Google’s core business is all about finding you what you need to know. The company has become synonymous with searching the internet, so it is no surprise that it will always try to innovate in that area. The next step in search? Well, that would be Knowledge Graph.
When Google launched its latest version of search, it said it was trying to build a search of the future that taps into the “collective intelligence of the web and understands the world a bit more like people do”. Knowledge Graph is all about intelligence: it’s an algorithm that understands real-world entities and how they relate to one another, represented by a panel to the right of search results that gives you a snapshot view of the topic at hand. But how did it all get started?

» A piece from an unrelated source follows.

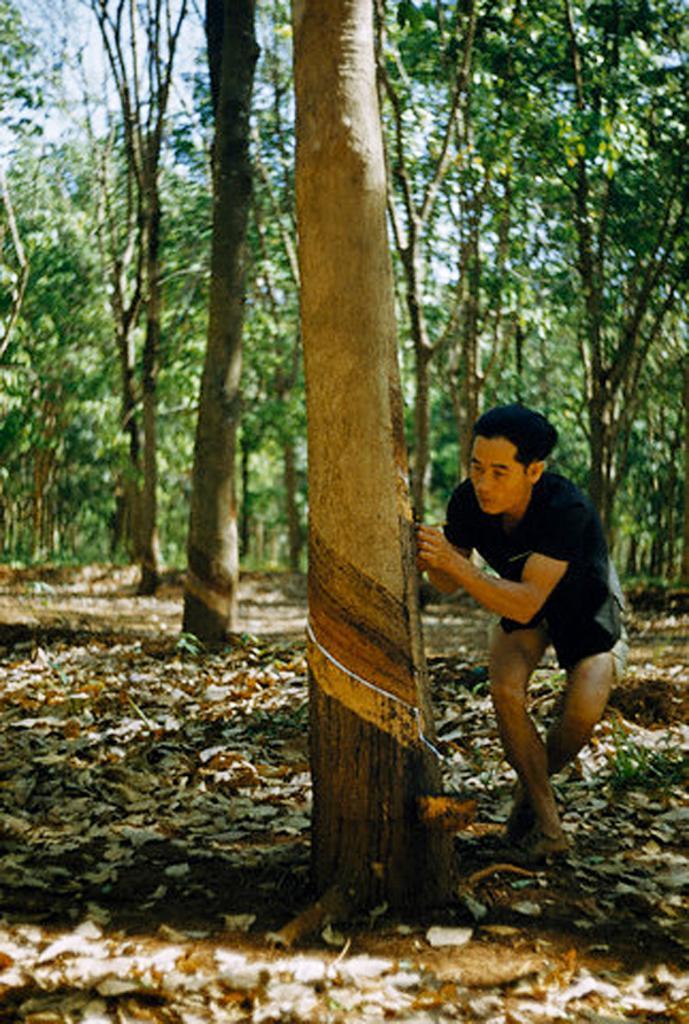Could you give a brief overview of what you see in this image? In this picture there is a man standing and holding the object. At the back there are trees. At the top there is sky. At the bottom there is ground and there are dried leaves.

On a trip to the Googleplex in California, we chatted to Shashi Thakur, Google’s principal software engineer for search, the technical lead on the Knowledge Graph project. Thakur tells us that the future of search will always be wherever the user is, citing that the smarter technology gets, the more integrated search will become.
According to the software engineer, Knowledge Graph is a representation of truth in the world, making it all but ungameable by black hat SEO practitioners. This means only the most accurate content is shown through Knowledge Graph, though Thakur admits that there is room for error. When mistakes are reported though, Google is happy to correct them and continually improve.
With Google Now acting as an intelligent personal assistant on Android phones around the world, the next obvious place for Google’s smart services is those futuristic augmented reality glasses it is developing. In the future, Thakur reckons that Graph will integrate well with Google Glass, providing a seamless interface when it comes to searching, allowing users to use their pupils to move the page and scroll.
Memeburn: Can you tell us how search is evolving especially with reference to Knowledge Graph?
Shashi Thakur: I’ve worked on a spectrum of search technologies ranging from the core of web ranking to spam detection to search features, and now the Knowledge Graph project for the last couple of years. In terms of how this is affecting search and transforming search, one thing we say often is that the Knowledge Graph launch last year was one of our biggest of the last several years. The last big one is when we went from regular website links to images and products and what not. This was at the same scale.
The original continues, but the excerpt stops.